Since the pictures are not wanted, copy only the text of every record exactly.

• • • • •

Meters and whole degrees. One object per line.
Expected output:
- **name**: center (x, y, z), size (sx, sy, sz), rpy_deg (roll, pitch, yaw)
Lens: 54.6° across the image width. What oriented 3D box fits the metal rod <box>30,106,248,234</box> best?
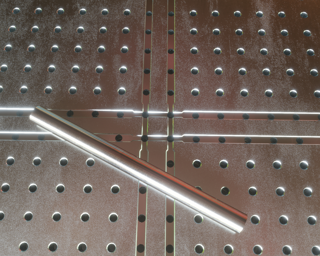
- **metal rod**: center (-0.034, 0.048, 0.394), size (0.301, 0.025, 0.025), rpy_deg (27, 72, 9)
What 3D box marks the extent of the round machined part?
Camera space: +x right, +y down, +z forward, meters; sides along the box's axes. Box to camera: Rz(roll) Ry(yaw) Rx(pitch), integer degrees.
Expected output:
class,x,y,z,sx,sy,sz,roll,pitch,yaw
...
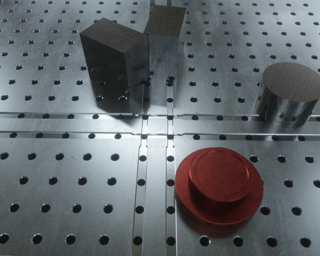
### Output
class,x,y,z,sx,sy,sz,roll,pitch,yaw
round machined part,0.066,0.060,0.346,0.099,0.042,0.098,0,50,0

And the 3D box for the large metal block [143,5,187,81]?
class,x,y,z,sx,sy,sz,roll,pitch,yaw
large metal block,0.009,-0.133,0.483,0.050,0.080,0.080,8,51,7

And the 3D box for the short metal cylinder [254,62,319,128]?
class,x,y,z,sx,sy,sz,roll,pitch,yaw
short metal cylinder,0.178,-0.047,0.432,0.080,0.050,0.080,0,50,0

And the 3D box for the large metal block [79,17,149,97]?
class,x,y,z,sx,sy,sz,roll,pitch,yaw
large metal block,-0.064,-0.104,0.459,0.080,0.080,0.050,28,56,21

• • • • •

Answer below
Meters and whole degrees. One object per line.
Expected output:
- **name**: center (x, y, z), size (sx, sy, sz), rpy_deg (roll, pitch, yaw)
Lens: 54.6° across the image width. What oriented 3D box fits the metal rod <box>30,106,248,234</box> best?
- **metal rod**: center (-0.034, 0.048, 0.394), size (0.301, 0.025, 0.025), rpy_deg (27, 72, 9)
What 3D box marks the extent of the round machined part?
Camera space: +x right, +y down, +z forward, meters; sides along the box's axes. Box to camera: Rz(roll) Ry(yaw) Rx(pitch), integer degrees.
Expected output:
class,x,y,z,sx,sy,sz,roll,pitch,yaw
...
### Output
class,x,y,z,sx,sy,sz,roll,pitch,yaw
round machined part,0.066,0.060,0.346,0.099,0.042,0.098,0,50,0

And the 3D box for the large metal block [143,5,187,81]?
class,x,y,z,sx,sy,sz,roll,pitch,yaw
large metal block,0.009,-0.133,0.483,0.050,0.080,0.080,8,51,7

And the 3D box for the short metal cylinder [254,62,319,128]?
class,x,y,z,sx,sy,sz,roll,pitch,yaw
short metal cylinder,0.178,-0.047,0.432,0.080,0.050,0.080,0,50,0

And the 3D box for the large metal block [79,17,149,97]?
class,x,y,z,sx,sy,sz,roll,pitch,yaw
large metal block,-0.064,-0.104,0.459,0.080,0.080,0.050,28,56,21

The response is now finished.